Requirement.
Leaving the pictures aside, transcribe every line below exactly.

Data excerpt.
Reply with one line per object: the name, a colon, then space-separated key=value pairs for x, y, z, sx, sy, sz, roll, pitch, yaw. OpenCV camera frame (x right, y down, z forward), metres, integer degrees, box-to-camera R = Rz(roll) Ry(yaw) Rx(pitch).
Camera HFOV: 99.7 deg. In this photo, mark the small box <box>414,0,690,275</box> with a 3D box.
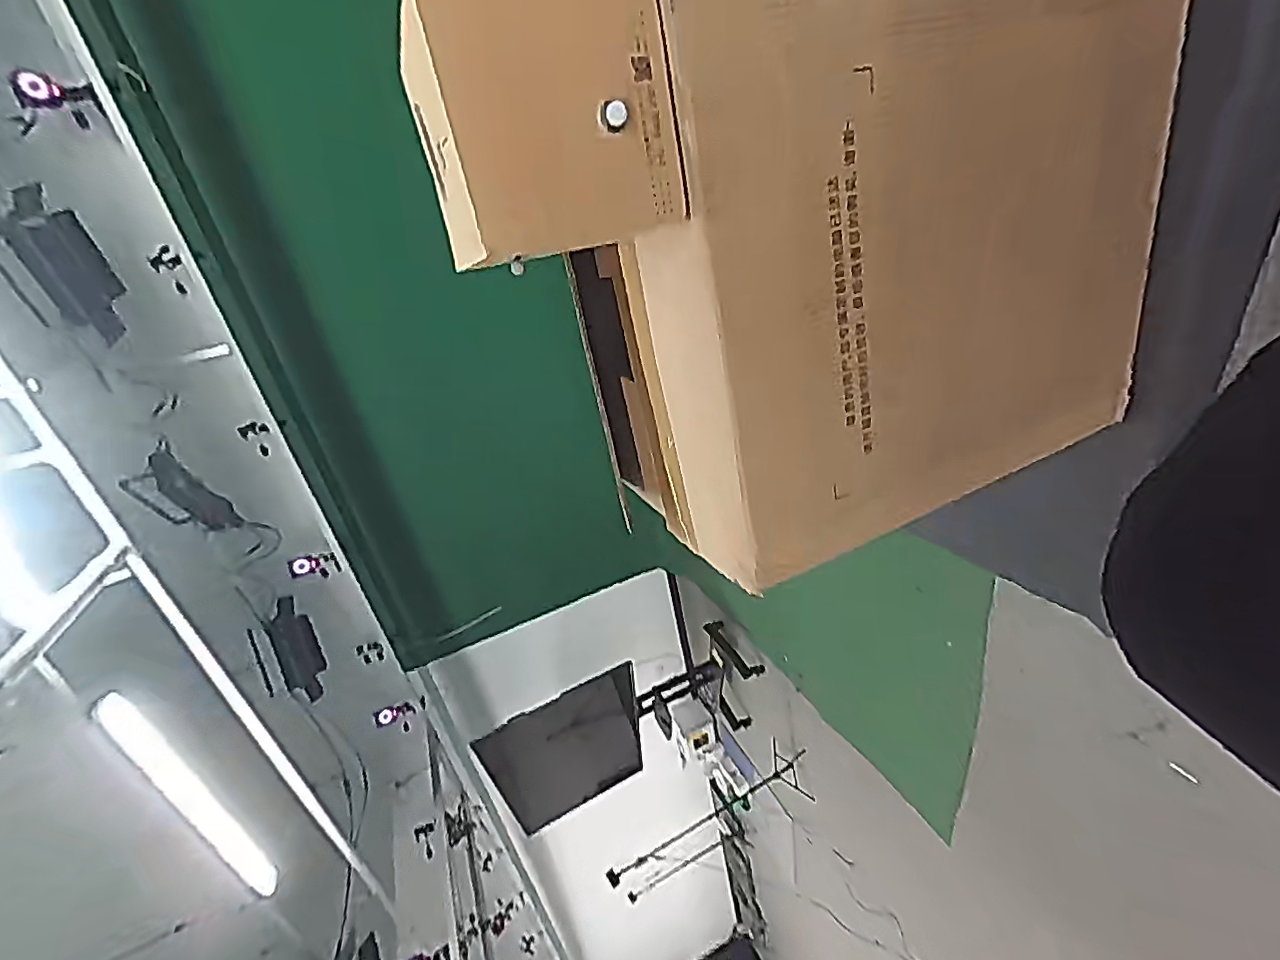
small box: x=-0.076 y=-0.276 z=0.458 sx=0.179 sy=0.176 sz=0.168 roll=34 pitch=140 yaw=60

Exercise output.
Reply with one line per object: the name, a colon, then space-separated key=value pairs for x, y, z, sx, sy, sz, roll, pitch, yaw. OpenCV camera frame (x right, y down, z forward), metres, integer degrees, box-to-camera R = Rz(roll) Ry(yaw) Rx(pitch).
Camera HFOV: 99.7 deg. In this photo, mark the small box <box>414,0,690,275</box> with a 3D box.
small box: x=-0.076 y=-0.276 z=0.458 sx=0.179 sy=0.176 sz=0.168 roll=34 pitch=140 yaw=60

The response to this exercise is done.